Nazaret es una ciudad pequeña y mencionada de forma despectiva: «¿Acaso puede salir algo bueno de Nazaret?», pregunta Natanael a Felipe (Jn 1,46).

Sin embargo, Jesús vivió allí durante 30 años. Años de silencio, de crecimiento, de trabajo, de vida cotidiana en la Sagrada Familia… en Galilea, una región descalificada desde el punto de vista religioso, considerada como contaminada por personas paganas. Con estos detalles, el evangelista nos ayuda a comprender que Jesús entra en la vida pública no como un privilegiado, sino que casi se podría decir que pasa por una «puerta trasera»: de sus primeros 30 años sabemos por los Evangelios que Jesús creció en «edad, sabiduría y gracia» (Lc 2,52), y que es esta madurez la que le lleva a hacerse solidario con los últimos, con los pecadores: el que no conoció pecado -escribe San Pablo- se hizo por nosotros pecado y maldición (2 Cor 5,21; Gal 3,13).

La Voz

Al salir del agua, el único que reconoce la voz del cielo es Jesús: «Tú eres mi Hijo, el amado». Palabras que se dirigen a nosotros hoy: «Tú eres mi hijo, el amado». Es como si dijera: «En ti soy feliz». Hay una felicidad de Dios en cada uno de nosotros, porque cada uno de nosotros está y permanece hecho «a su imagen y semejanza» (Gn 1,26), y su satisfacción por lo que ha hecho nadie puede borrarla: «Y vio que era muy bueno y hermoso» (Gen 1:31). La venida de Cristo manifiesta el amor de Dios;  su descenso de los cielos nos dice a cada uno de nosotros: «Me interesas y por esto te cuido, me importa tu existencia, me importas tú. Contigo quiero empezar una nueva historia de salvación, un nuevo comienzo».

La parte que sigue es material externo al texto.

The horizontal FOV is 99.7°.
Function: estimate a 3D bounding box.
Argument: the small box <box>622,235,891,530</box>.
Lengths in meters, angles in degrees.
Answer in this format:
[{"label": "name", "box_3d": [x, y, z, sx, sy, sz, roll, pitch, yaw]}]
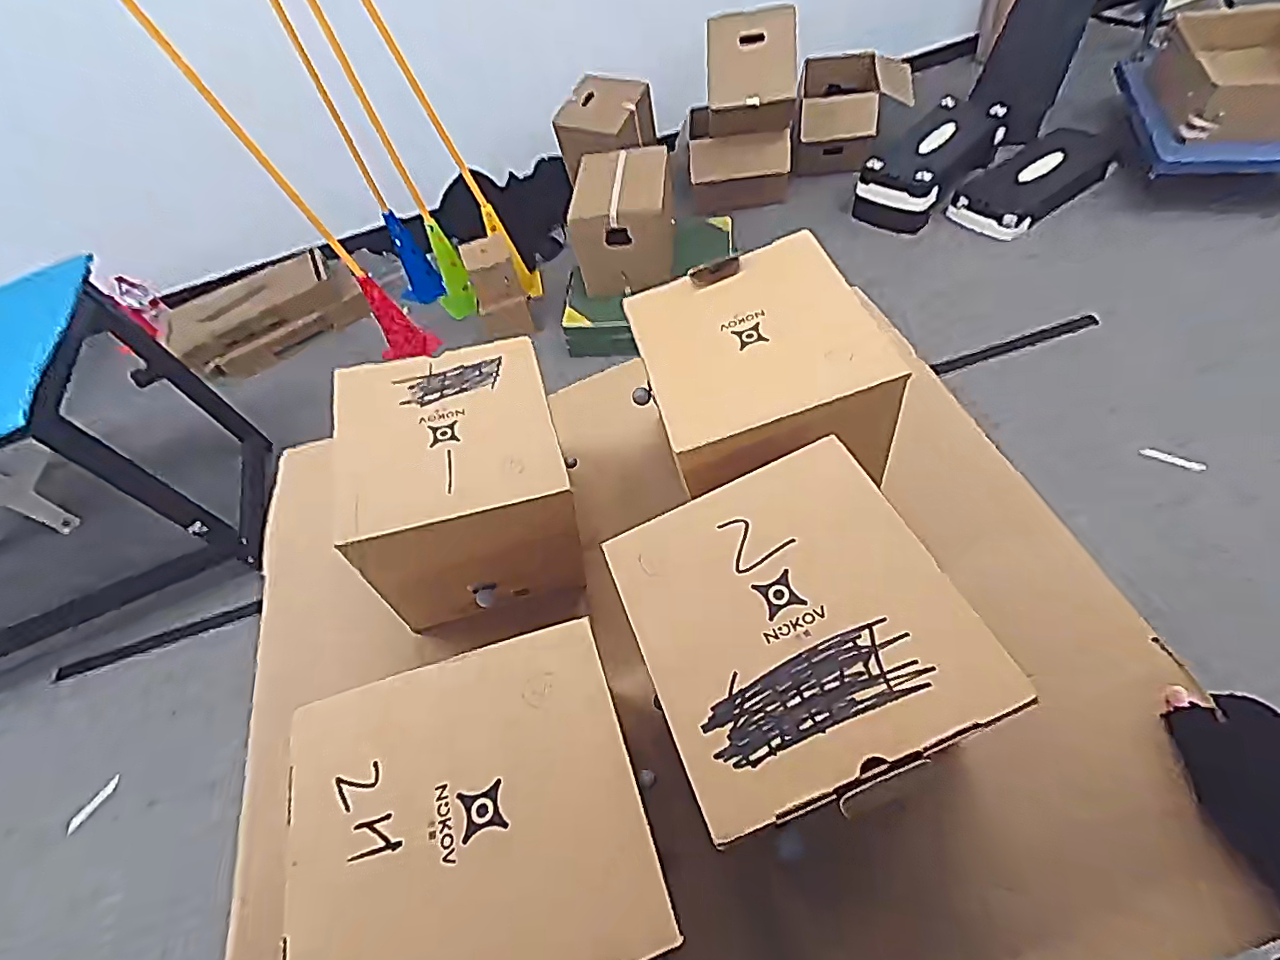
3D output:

El bautismo de Jesús, nuestro bautismo     

En su bautismo, Jesús se solidariza con los hombres poniéndose en fila entre los pecadores, Él que no tiene pecado. Se coloca a nuestro lado, es el Dios-con-nosotros, el Emanuel. Él se hace cargo de la suerte de cada uno;  por eso, también nosotros estamos llamados -porque estamos bautizados, inmersos en su amor- a cuidar de los que comparten con nosotros la experiencia de la vida, empezando por los últimos (los pecadores), los excluidos (Nazaret), los etiquetados (Galilea). Todo juicio o prejuicio ha de ser desmontado en la verdad, ya que cada uno de nosotros es «el amado del Señor», en quien Dios ha puesto «su predilección», su alegría. Esto es cierto para mí, pero también para todos los hermanos y hermanas. Independientemente de nuestra condición de pecadores.

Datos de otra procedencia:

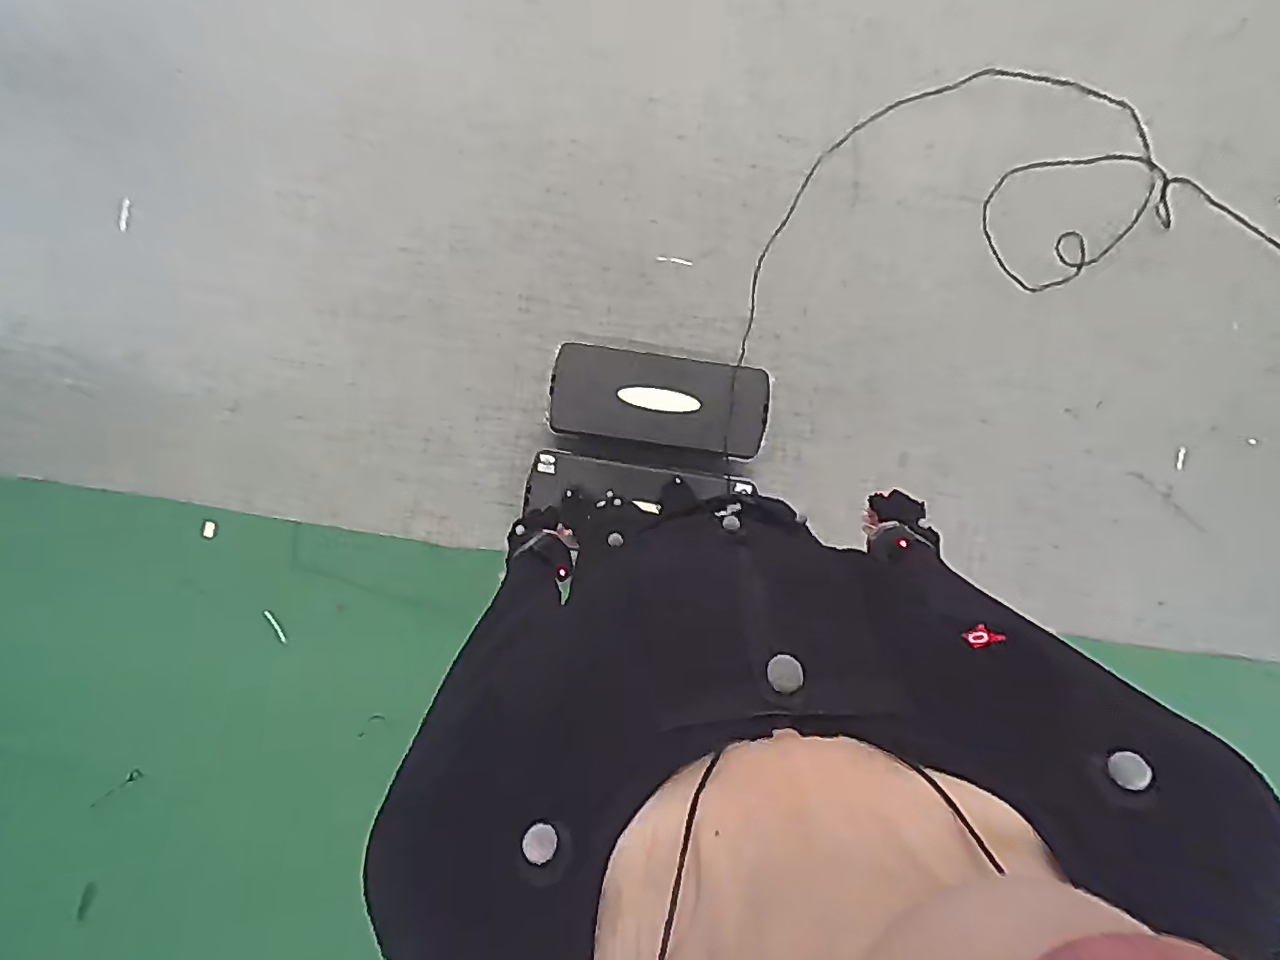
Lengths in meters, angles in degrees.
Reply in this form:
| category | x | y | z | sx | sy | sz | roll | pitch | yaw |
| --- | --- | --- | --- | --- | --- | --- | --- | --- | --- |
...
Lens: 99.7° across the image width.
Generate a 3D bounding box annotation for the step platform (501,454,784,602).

En el bautismo se renueva el acontecimiento navideño: Dios desciende, nace en mí para que yo renazca en Él como una criatura nueva. Pero esta «vida nueva» (cfr. Is 43,19) debe ser testimoniada para que -como Jesús dijo de sí mismo: «El que me ha visto a mí, ha visto al Padre» (Jn 14,9)- los que nos encuentren puedan decir «en ti veo a Jesús». Humanamente imposible, ciertamente, pero «nada es imposible para Dios» (Lc 1,37).

Del bautismo a la vida

El Bautismo de Jesús cierra así el Tiempo fuerte de la Navidad y abre el Tiempo Ordinario, el tiempo de la vida. Así como el Bautismo inauguró la misión pública de Jesús, para nosotros inaugura el compromiso de salir de la gruta de Belén donde le adoramos, para comenzar la misión de testimoniarle día a día. Fortalecidos por la alegría de ser Pueblo de Dios que se reúne cada domingo para dejarse guiar por la Palabra de Dios y para  alimentarse con la Eucaristía, Pan de camino, vivamos en la caridad, caminando hacia el Cielo, donde el Padre nos espera para que estemos siempre con Él.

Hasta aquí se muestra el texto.